— SUPPLIED DATA —
Segment Open

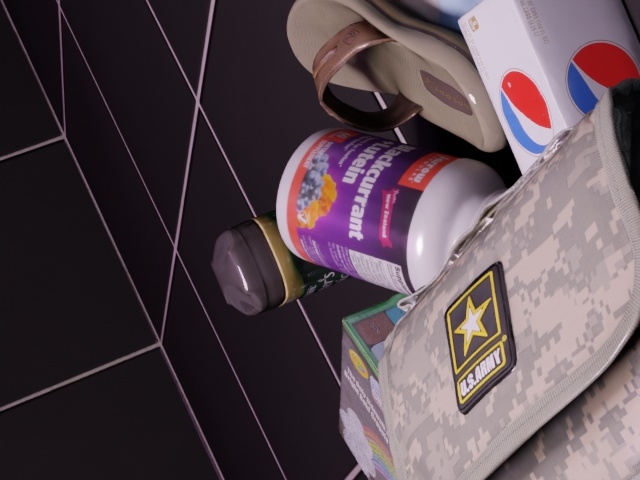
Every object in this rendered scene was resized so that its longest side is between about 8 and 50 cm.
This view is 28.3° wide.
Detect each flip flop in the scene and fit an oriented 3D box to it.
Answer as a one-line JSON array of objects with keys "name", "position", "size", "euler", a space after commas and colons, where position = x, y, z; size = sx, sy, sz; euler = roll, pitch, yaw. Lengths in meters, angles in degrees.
[{"name": "flip flop", "position": [0.043, -0.121, 0.961], "size": [0.277, 0.080, 0.112], "euler": [38, 166, 51]}]

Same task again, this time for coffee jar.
[{"name": "coffee jar", "position": [0.000, 0.000, 1.087], "size": [0.079, 0.184, 0.096], "euler": [67, 163, 3]}]

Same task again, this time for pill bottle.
[{"name": "pill bottle", "position": [0.071, -0.014, 0.930], "size": [0.193, 0.108, 0.108], "euler": [17, 131, 38]}]

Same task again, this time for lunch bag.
[{"name": "lunch bag", "position": [0.159, 0.095, 0.633], "size": [0.287, 0.169, 0.235], "euler": [54, 136, 18]}]

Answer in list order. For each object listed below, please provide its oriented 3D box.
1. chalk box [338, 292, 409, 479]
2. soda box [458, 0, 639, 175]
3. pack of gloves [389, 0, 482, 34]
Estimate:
[{"name": "chalk box", "position": [0.101, 0.118, 1.025], "size": [0.132, 0.132, 0.213], "euler": [57, 158, 35]}, {"name": "soda box", "position": [0.163, -0.054, 0.748], "size": [0.216, 0.069, 0.074], "euler": [67, 162, 2]}, {"name": "pack of gloves", "position": [0.064, -0.228, 0.870], "size": [0.232, 0.046, 0.195], "euler": [32, 141, 61]}]
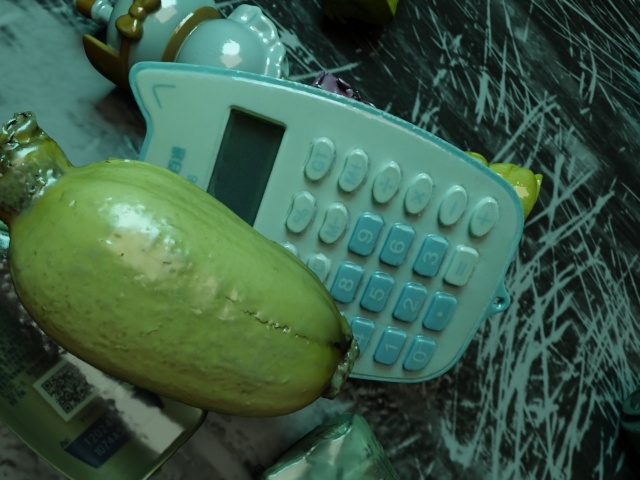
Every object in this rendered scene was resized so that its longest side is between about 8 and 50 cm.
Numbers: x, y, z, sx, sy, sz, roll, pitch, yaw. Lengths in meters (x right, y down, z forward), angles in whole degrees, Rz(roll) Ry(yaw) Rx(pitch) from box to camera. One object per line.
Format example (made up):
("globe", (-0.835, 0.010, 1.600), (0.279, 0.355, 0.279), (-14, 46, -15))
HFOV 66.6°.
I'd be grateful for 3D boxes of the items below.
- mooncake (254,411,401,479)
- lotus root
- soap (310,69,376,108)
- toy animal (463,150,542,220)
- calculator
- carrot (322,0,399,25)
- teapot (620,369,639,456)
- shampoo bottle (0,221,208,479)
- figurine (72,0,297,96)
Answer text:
("mooncake", (0.013, 0.237, 0.449), (0.130, 0.073, 0.125), (-22, 85, -25))
("lotus root", (-0.103, 0.037, 0.360), (0.303, 0.146, 0.131), (35, 107, -17))
("soap", (0.052, -0.048, 0.546), (0.250, 0.099, 0.162), (38, 63, -6))
("toy animal", (0.204, -0.079, 0.640), (0.159, 0.070, 0.083), (28, 66, -6))
("calculator", (0.000, 0.000, 0.453), (0.386, 0.054, 0.256), (19, 106, -5))
("carrot", (0.084, -0.419, 0.678), (0.114, 0.114, 0.301), (23, 68, -14))
("teapot", (0.449, 0.220, 0.603), (0.239, 0.162, 0.149), (-17, 66, -51))
("shampoo bottle", (-0.247, 0.051, 0.398), (0.350, 0.084, 0.125), (46, 75, -2))
("figurine", (-0.129, -0.186, 0.478), (0.271, 0.143, 0.143), (37, 59, 24))
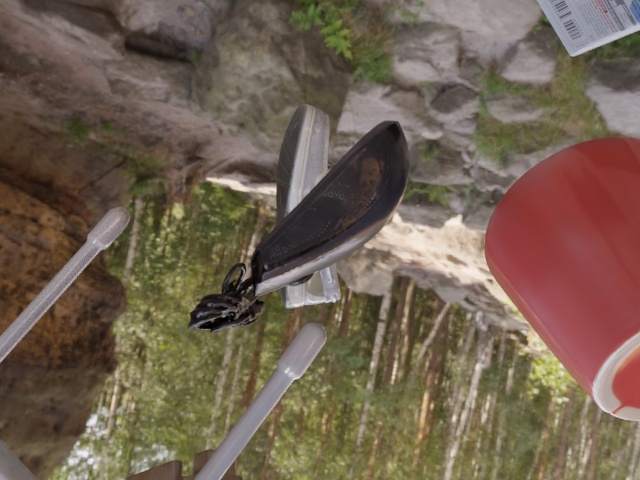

Segment Closed

— AIM OF THE EXERCISE —
Copy word for word the span of the records above that begins at the line with "1. chalk box [338, 292, 409, 479]" and ends at the line with "- figurine (72,0,297,96)", including those two lines but not the pictures.

— ANSWER SECTION —
1. chalk box [338, 292, 409, 479]
2. soda box [458, 0, 639, 175]
3. pack of gloves [389, 0, 482, 34]
Estimate:
[{"name": "chalk box", "position": [0.101, 0.118, 1.025], "size": [0.132, 0.132, 0.213], "euler": [57, 158, 35]}, {"name": "soda box", "position": [0.163, -0.054, 0.748], "size": [0.216, 0.069, 0.074], "euler": [67, 162, 2]}, {"name": "pack of gloves", "position": [0.064, -0.228, 0.870], "size": [0.232, 0.046, 0.195], "euler": [32, 141, 61]}]
Every object in this rendered scene was resized so that its longest side is between about 8 and 50 cm.
Numbers: x, y, z, sx, sy, sz, roll, pitch, yaw. Lengths in meters (x right, y down, z forward), angles in whole degrees, Rz(roll) Ry(yaw) Rx(pitch) from box to camera. One object per line.
Format example (made up):
("globe", (-0.835, 0.010, 1.600), (0.279, 0.355, 0.279), (-14, 46, -15))
HFOV 66.6°.
I'd be grateful for 3D boxes of the items below.
- mooncake (254,411,401,479)
- lotus root
- soap (310,69,376,108)
- toy animal (463,150,542,220)
- calculator
- carrot (322,0,399,25)
- teapot (620,369,639,456)
- shampoo bottle (0,221,208,479)
- figurine (72,0,297,96)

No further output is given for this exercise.